Quantification of the Information Loss Resulting from Temporal Aggregation of Wind Turbine Operating Data

Appl. Sci. 2021, 11(17), 8065; https://doi.org/10.3390/app11178065
by Mattia Beretta 1,2,3,*, Karoline Pelka 2,*, Jordi Cusidó 3,4,* and Timo Lichtenstein 2,*
Reviewer 1: Anonymous
Reviewer 2: Anonymous
Appl. Sci. 2021, 11(17), 8065; https://doi.org/10.3390/app11178065
Submission received: 5 August 2021 / Revised: 25 August 2021 / Accepted: 27 August 2021 / Published: 31 August 2021
(This article belongs to the Special Issue Boosting Wind Power Integration)

Round 1

Reviewer 1 Report

The manuscript entitled “Quantification of the Information Loss Resulting from Temporal Aggregation of Wind Turbine Operating Data” deals with a very interesting and innovative topic in wind energy literature.

 

The paper deals with a systematic analysis of the effect of temporal aggregation on wind turbine DATA. The authors process a huge quantity of data from real-world operating wind turbines, with sampling time of 1 second, and investigate several aggregation times up to the typical one in SCADA data analysis (10 minutes).

 

The paper is very well written and the results are clear and well presented. I think that this study could be very interesting for wind turbine scholars.

 

Basing on these considerations, I have just few minor remarks and questions, which I list here on:

 

  • How do the authors treat wind turbine stops and malfunctioning? As the authors said in the paper, when aggregating on 10 minutes time scale, the SCADA system provides a counter indicating the number of run seconds. Do you filter (at least roughly) on wind turbine run based on an indicative power curve or use completely raw data?
  • The author report that the temporal behavior of some internal temperatures is remarkably different for some wind turbines from the selected fleet. Do the authors have indication that these wind turbines are affected by incoming damages? Or are there issues with the sensors? I am very interested about this result and I would like to understand if it provides diagnostic indication.
  • What is the pitch control of the wind turbines? Hydraulic or electric? I guess that this has a consequence on the effect of the aggregation and I am therefore interested in this information.
  • I suggest a couple of reference dealing with, respectively, the analysis of temporal aggregation on wind turbine power curve and on the analysis of wakes using time resolved and aggregated data.
  • Castellani, F., Mana, M., & Astolfi, D. (2018, June). An experimental analysis of wind and power fluctuations through time-resolved data of full scale wind turbines. In Journal of Physics: Conference Series (Vol. 1037, No. 7, p. 072042). IOP Publishing.
  • Castellani, F., Sdringola, P., & Astolfi, D. (2018). Analysis of wind turbine wakes through time-resolved and SCADA data of an onshore wind farm. Journal of Solar Energy Engineering, 140(4).
  • Basing on the above consideration, I am interested to inquire if the authors have considered the possibility of distinguishing the normal operation with respect to the operation under wake. Do the authors think that this could have an effect on the results?

Author Response

Please see the attachment.

Author Response File: Author Response.pdf

Reviewer 2 Report

The authors present an extensive, interesting and well structured work. The approach made is interesting considering different research questions Q1, Q2 and Q3 and how they are approached. It is also interesting how the hypothesis test shown in section 4.1.2 was made. The discussions raised are suitable to justify the present limitations as well as other aspects to bear in mind.

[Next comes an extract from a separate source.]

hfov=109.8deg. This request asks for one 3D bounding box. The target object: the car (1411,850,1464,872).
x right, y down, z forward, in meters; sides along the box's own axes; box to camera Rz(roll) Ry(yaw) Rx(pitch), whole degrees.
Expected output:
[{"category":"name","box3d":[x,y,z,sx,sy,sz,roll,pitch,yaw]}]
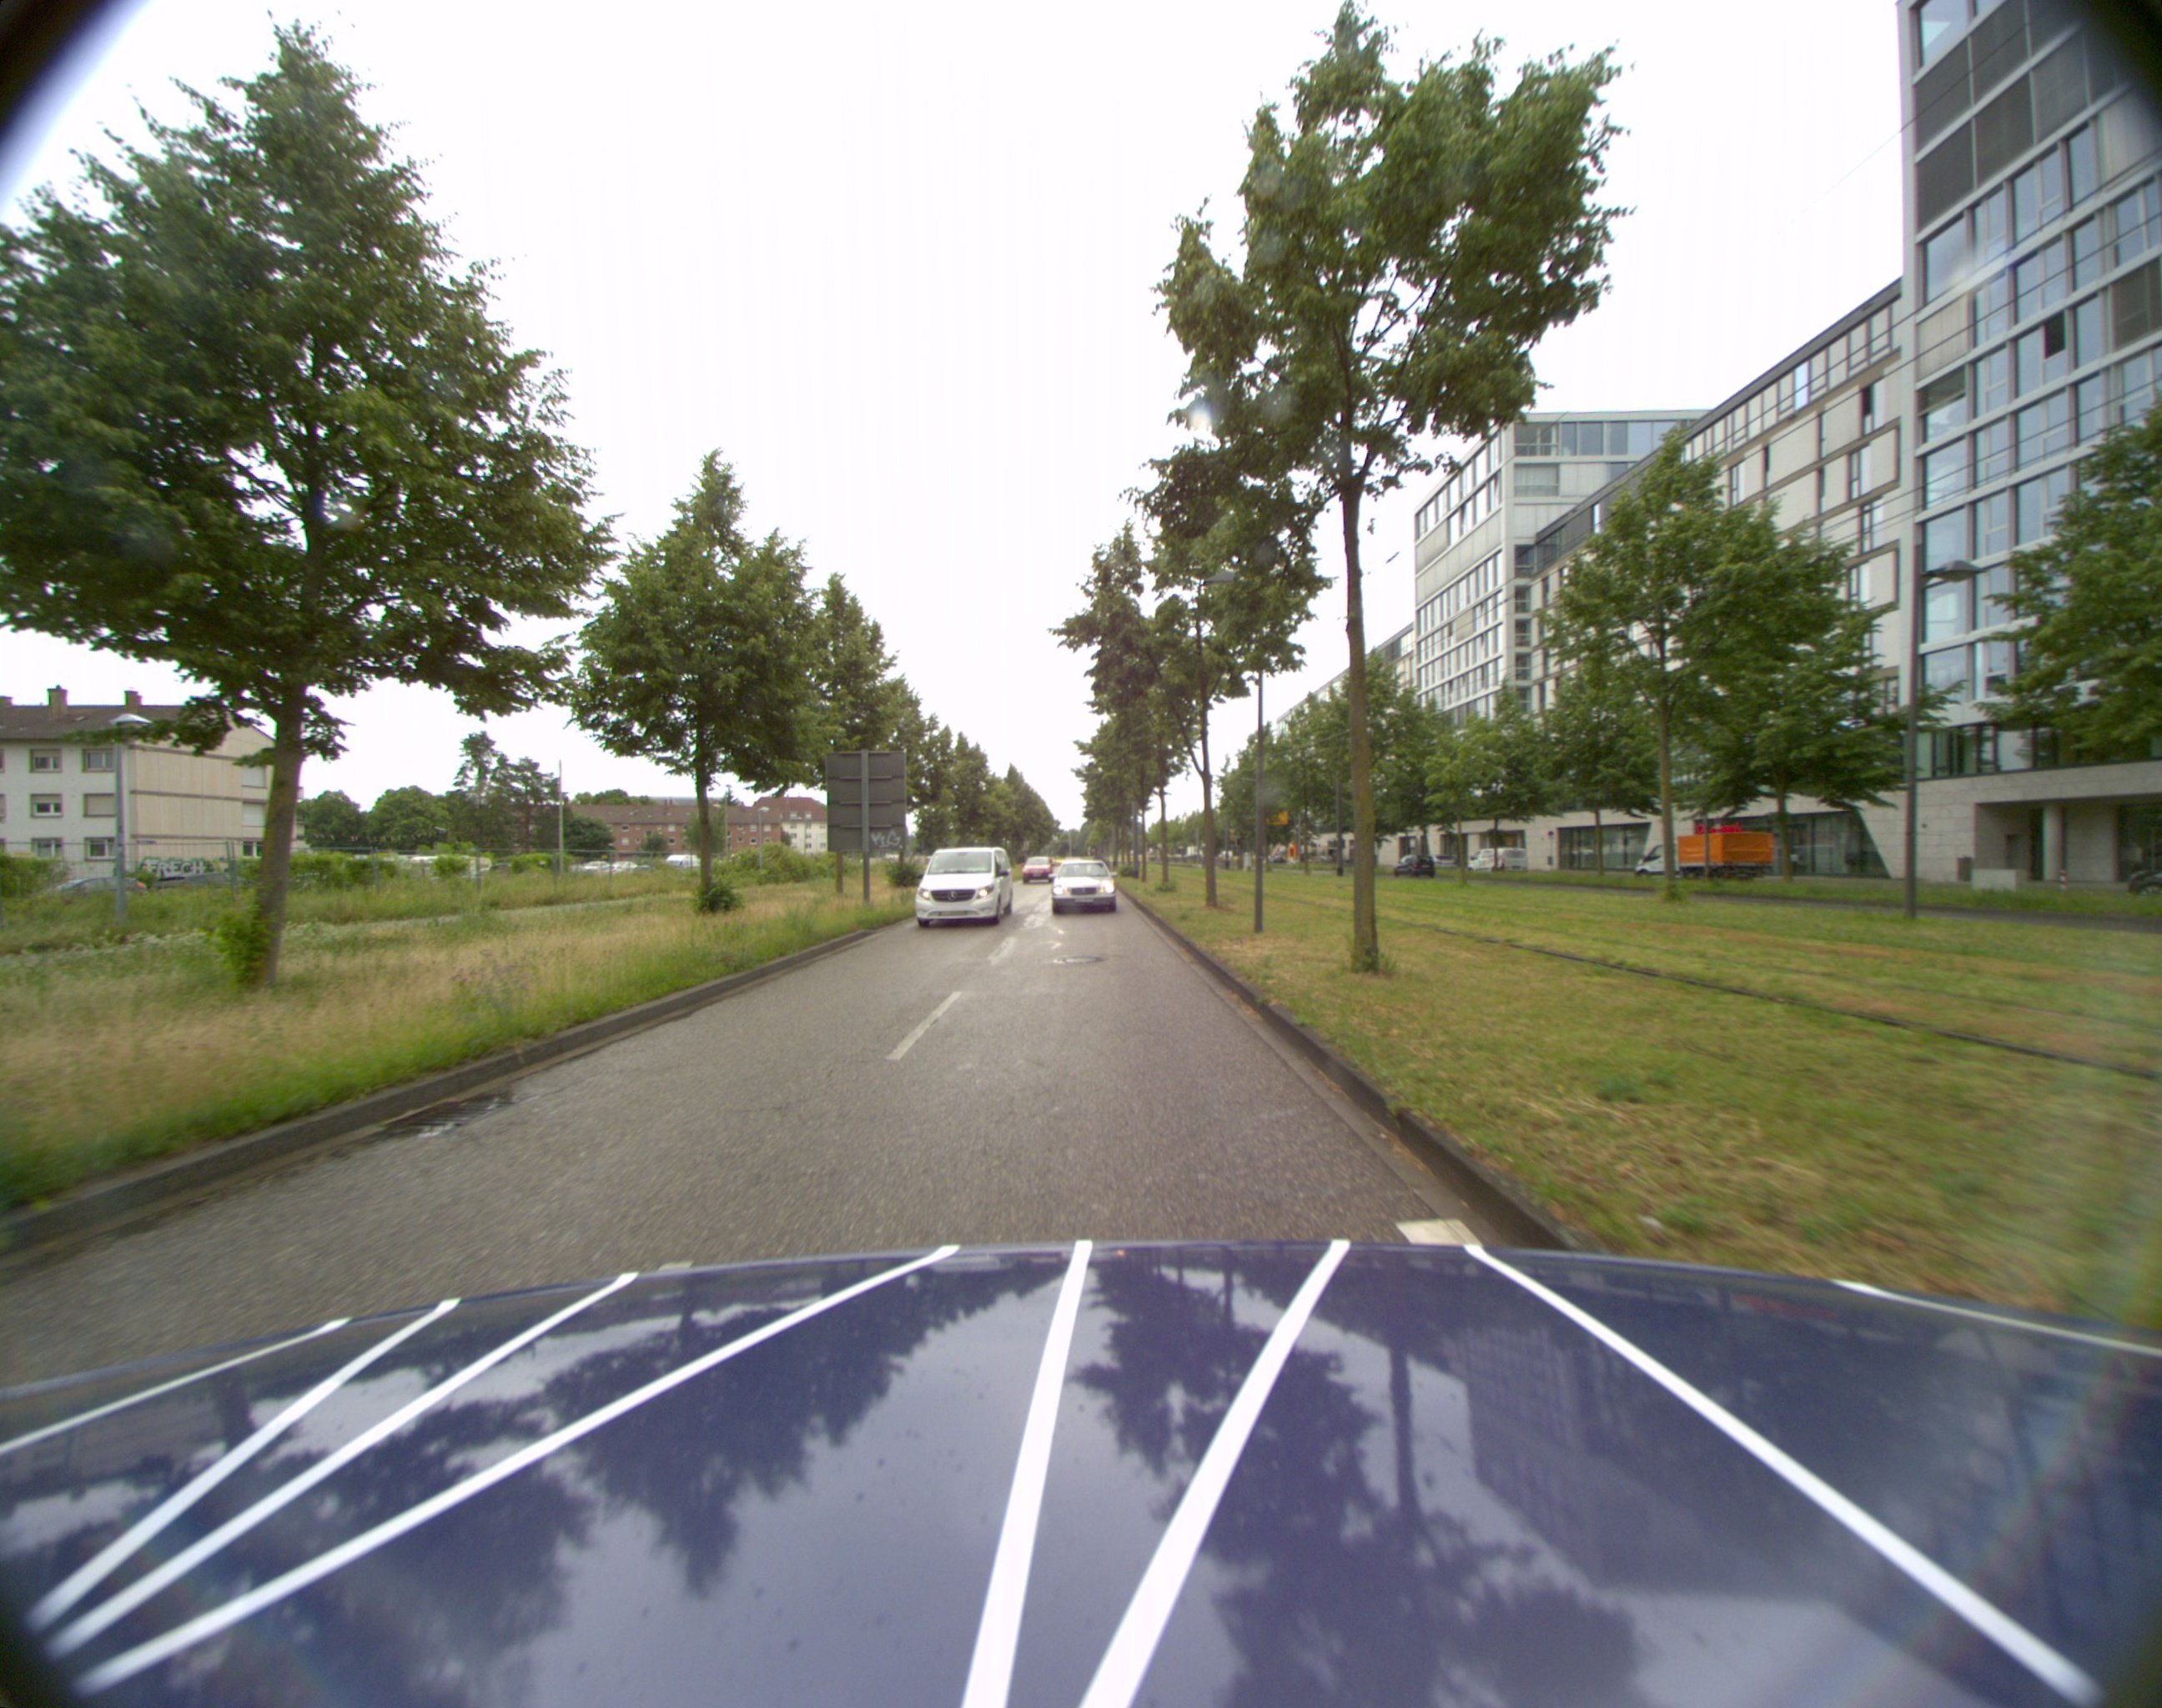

Some suggestions to improve the article are:

1. In the first line of the abstract can be convenient to place: SCADA (Supervisory Control And Data Acquisition).

2. Considering the extension of the work, it is recommended to add in the introduction a figure (as a graphical abstract) to observe the different aspects treated in the article.

3. It is recommended to add an introduction paragraph in section ‘‘4.1.1. Comparison of Descriptive Statistics’’ in order to understand the topics covered in this section.

4. The equation before line 349 should be numbered.

5. Correct the typo of the double point (..) in line 691.

6. It is suggested to improve the description of algorithm 1.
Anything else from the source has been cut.